Cuoco also relished in the “total dream” that it was to work with icon William Shatner, who she claimed was as “cool, hilarious, and charming as you would hope that he would be.”
Kaley Cuoco has enjoyed a successful career as a voice actor
Kaley Cuoco began her career in voice acting with the role of Brandy Harrington on the animated show Brandy & Mr. Whiskers, and she went on to voice other characters, including Kirstee from Bratz, Weather Vane/Paula Hayes from Loonatics Unleashed, and Eleanor from Alvin and the Chipmunks: The Road Chip. In 2018, it was announced that she would be voicing Harley Quinn in the eponymous DC Universe animated series, which she would also executive produce.
The updated version of Harley follows the adventure of the supervillainess after her break-up with the Joker. Cuoco loved that it’s an edgier version with a lot of screaming, cursing, and fighting. “She is female empowerment to a T,” she told E! News.
Voice acting suits Cuoco because “it’s eight hours that I don’t have to spend in hair and makeup,” she joked with Entertainment Tonight.
Kaley Cuoco started hosting a travel-focused YouTube series
In 2019, Kaley Cuoco took her activism to work, hosting a web series from Shell on YouTube called The Great Travel Hack. The five-episode show followed two teams competing on a road trip from Los Angeles to New York City. The winning team wouldn’t necessarily be the one who finishes the journey the fastest, but rather that team that arrives using the least carbon emissions. “It’s a great show with a great message,” Cuoco told Atlanta’s CBS46.
As host, she led the adventurers on their trip across America and claimed she learned a little from the contestants who rode horses, boats, bikes, and skateboards to avoid carbon emissions.
Signing on to the project because she wanted to approach the serious environmental topic in a “happy, silly, fun way,” Cuoco hoped The Travel Hack would open viewers’ minds to cleaner ways to get from place to place.
Kaley Cuoco has big dreams for the future
Even before The Big Bang Theory wrapped its last episodes, Kaley Cuoco was already planning the next phase of her career.

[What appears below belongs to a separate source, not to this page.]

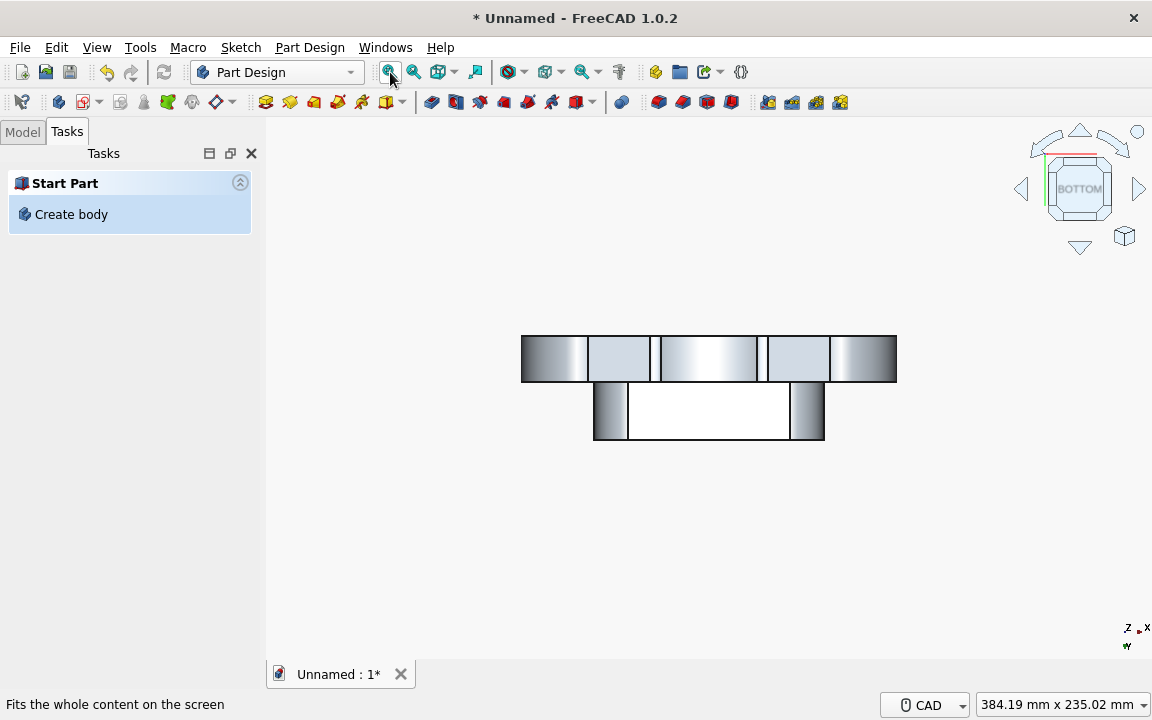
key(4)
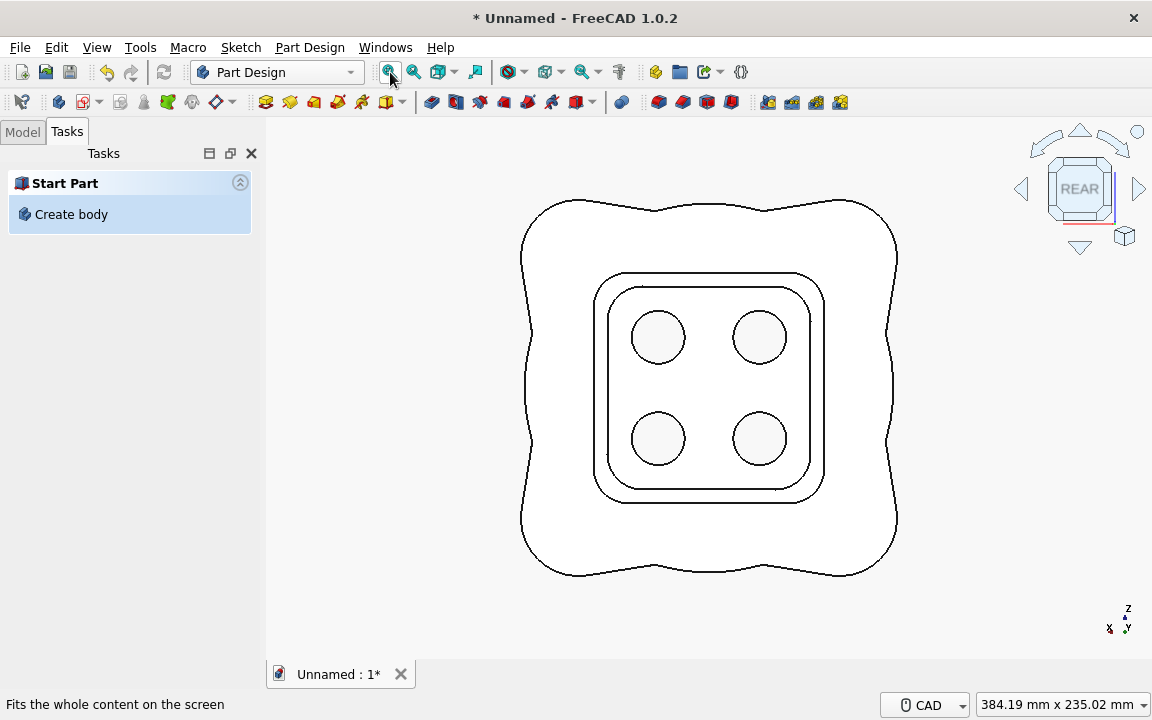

She launched a production company named after her rescue pit bull, Yes, Norman Productions, in October of 2017 and started lining up projects.
Working on The Big Bang Theory throughout her 20s, Cuoco wanted to become a “full-on girl boss.” She told Cosmopolitan, “I want to show girls out there that you can be cool, wear yoga clothes, and run your own f***ing company.” And she wants that company to be big.
She started by producing The Flight Attendant, a limited series for HBO Max based on a novel by Chris Bohjalian, in which she also stars. She told a CBS affiliate that this was the first time that she’d developed something from the ground up, joking, “So it’s gonna be all my fault if it fails miserably.” We bet Kaley Cuoco will continue doing great things!